Einige Absolventen spielen auf den höchsten Touren
Beachtlich an der Schule: Mehr als 90 Prozent der Absolventen aus den Golf-Klassen erhielten im Anschluss ein Sportstipendium an einer Universität. Außerdem kann die 1995 gegründete Akademie auf einige beachtliche Erfolge im Golfsport zurückblicken. Die Chinesin Shanshan Feng, 23, die Südkoreanerin In-Kyung Kim (24) oder Mariajo Uribe (23) aus Kolumbien waren alle drei Schülerinnen von Hank Haney in der IJGA. Mittlerweile spielen sie auf der LPGA Tour und haben weltweit Turniere gewonnen. Feng ist zur Zeit sogar die Nummer fünf der Damen-Weltrangliste. Auch bei den Jungen hat die harte Ausbildung gegriffen: Morgan Hoffmann, 23, aus der Abschlussklasse von 2008 spielte zwei Jahre lang für das renommierte Team der Oklahoma State University (wo unter anderem auch Sean Einhaus eingeschrieben ist) und war einige Zeit bester Amateur der Weltrangliste.
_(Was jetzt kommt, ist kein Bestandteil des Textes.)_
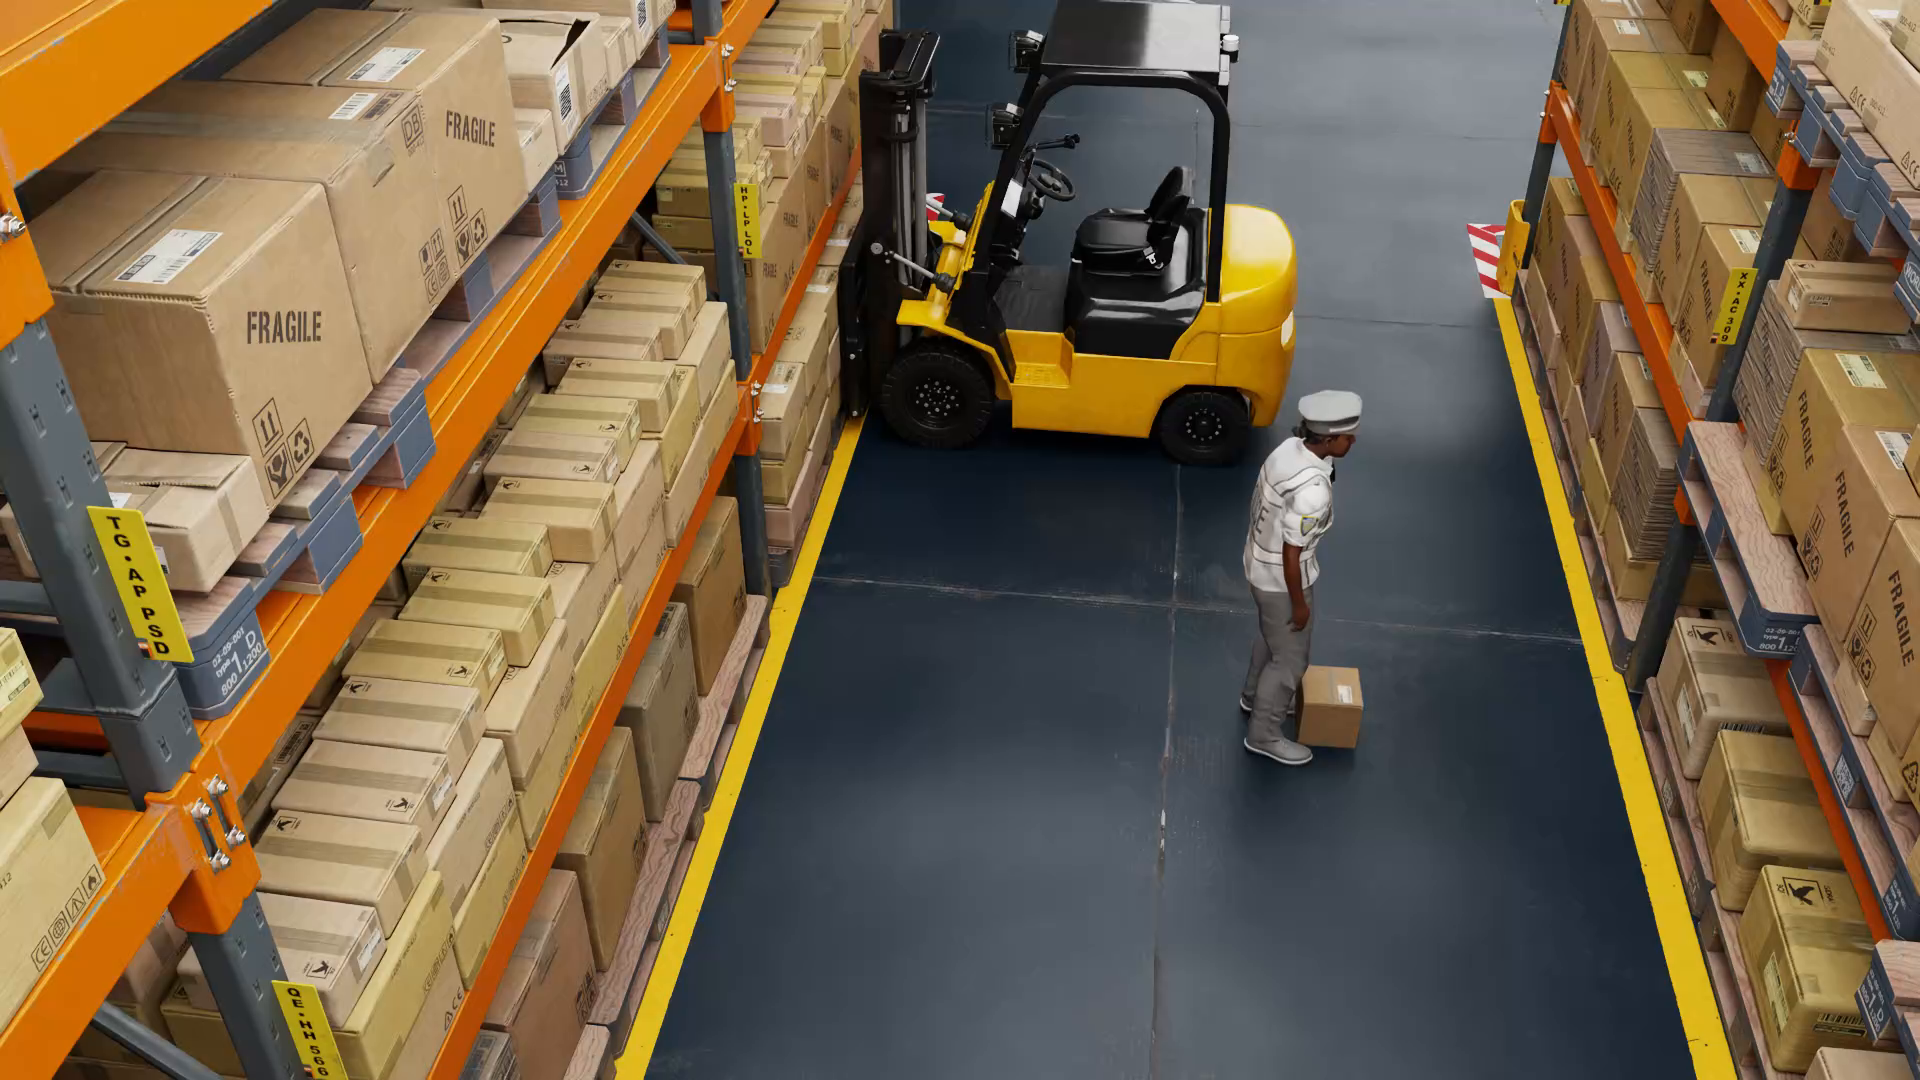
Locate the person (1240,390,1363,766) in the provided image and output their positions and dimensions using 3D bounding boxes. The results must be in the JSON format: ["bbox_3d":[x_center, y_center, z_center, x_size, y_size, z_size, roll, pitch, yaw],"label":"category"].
[{"bbox_3d":[1.364,0.148,6.840,0.395,1.656,0.521,3,36,3],"label":"person"}]

Seit 2010 ist er Profi, in diesem Jahr erstmals spielberechtigt auf der US PGA Tour.

An der IJGA wird übrigens nicht jeder Schüler angenommen. Geld und Status sind laut Orrell kein Kriterium, zumal es auch für die Schule schon unterstützende Stipendien gibt. "Wir wollen Schüler, die lernen wollen und alles im Training geben. Das wird evaluiert. Was sie auf dem Platz für Scores schießen, ist erst einmal egal."

Doch zurück zu Jan, der vor seinem Wechsel in die USA ein Gymnasium in Erlangen besuchte. Sportlich war er schon immer, aber besonders gut in Squash. Sogar so gut, dass er im bayerischen Kader mittrainierte. Mit Golf fing Jan erst vor zwei Jahren an und spielte dann im GC Erlangen. Der Schritt nach Amerika war ein großes Wagnis - aber er scheint gelungen. Die Eltern sorgen sich natürlich ab und an, stehen aber voll hinter dem Talent ihres Sohns. "Allein leben ist nicht sehr einfach", sagt Jans Mutter. Im März besuchen Sie ihren Sohn zum ersten Mal in den USA.